Wednesday, July 4, 2018

The Trembling Giant

Pando (Latin for "spread out"), also known as the Trembling Giant, is a clonal colony of an individual male quaking aspen (Populus tremuloides) determined to be a single living organism by identical genetic markers and assumed to have one massive underground root system. The plant occupies 43 hectares (106 acres) and is estimated to weigh collectively 6,000,000 kilograms (6,600 short tons), making it the heaviest known organism. The root system of Pando, at an estimated 80,000 years old, is among the oldest known living organisms.

Pando is located 1 mile (1.6 km) southwest of Fish Lake on Utah State Route 25, in the Fremont River Ranger District of the Fishlake National Forest, at the western edge of the Colorado Plateau in south-central Utah, United States.

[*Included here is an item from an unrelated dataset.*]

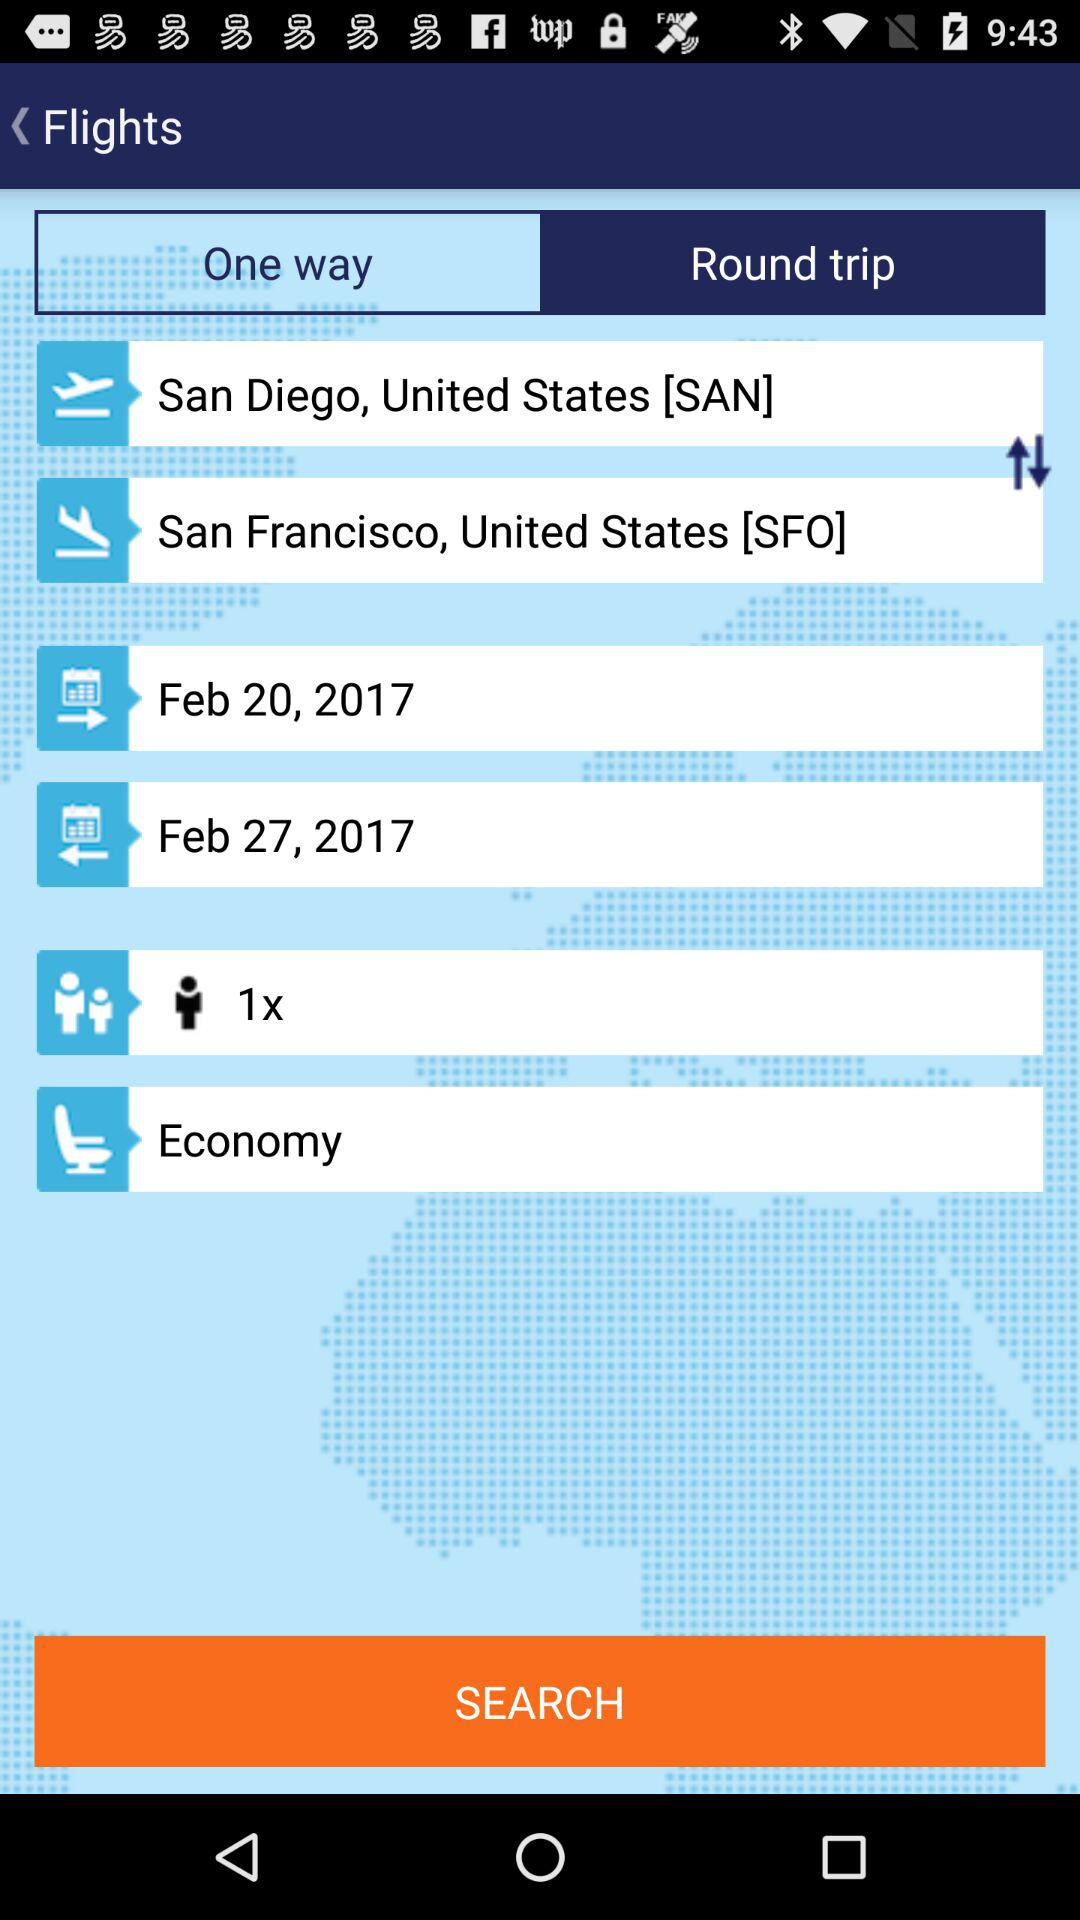What is the end location? The end location is San Francisco, United States [SFO]. 
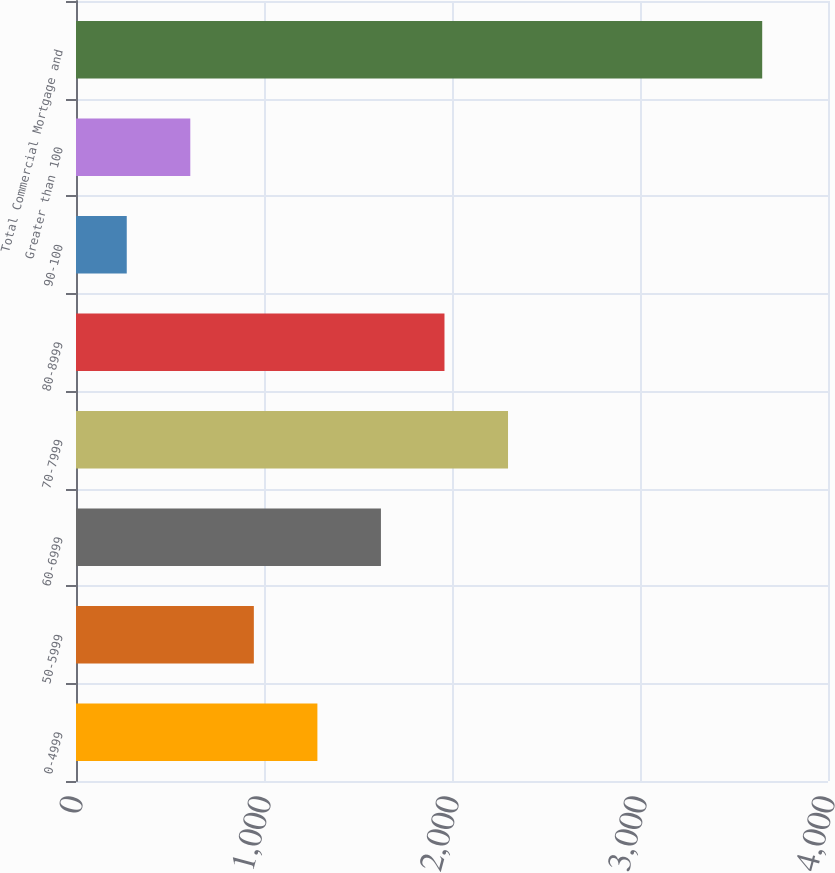<chart> <loc_0><loc_0><loc_500><loc_500><bar_chart><fcel>0-4999<fcel>50-5999<fcel>60-6999<fcel>70-7999<fcel>80-8999<fcel>90-100<fcel>Greater than 100<fcel>Total Commercial Mortgage and<nl><fcel>1284<fcel>946<fcel>1622<fcel>2298<fcel>1960<fcel>270<fcel>608<fcel>3650<nl></chart>

The clone now known as Pando was discovered in 1968 by researcher Burton V. Barnes, who continued to study it through the 1970s. Barnes had described Pando as a single organism based on its morphological characteristics alone; molecular techniques and methods developed since that time have largely substantiated those conclusions. Building on Barnes's earlier work, Michael Grant of the University of Colorado at Boulder re-examined the clone, named it "Pando", and claimed it to be the world's most massive organism in 1992. In 2006 the United States Postal Service published a stamp in commemoration of the aspen, calling it one of the forty "Wonders of America."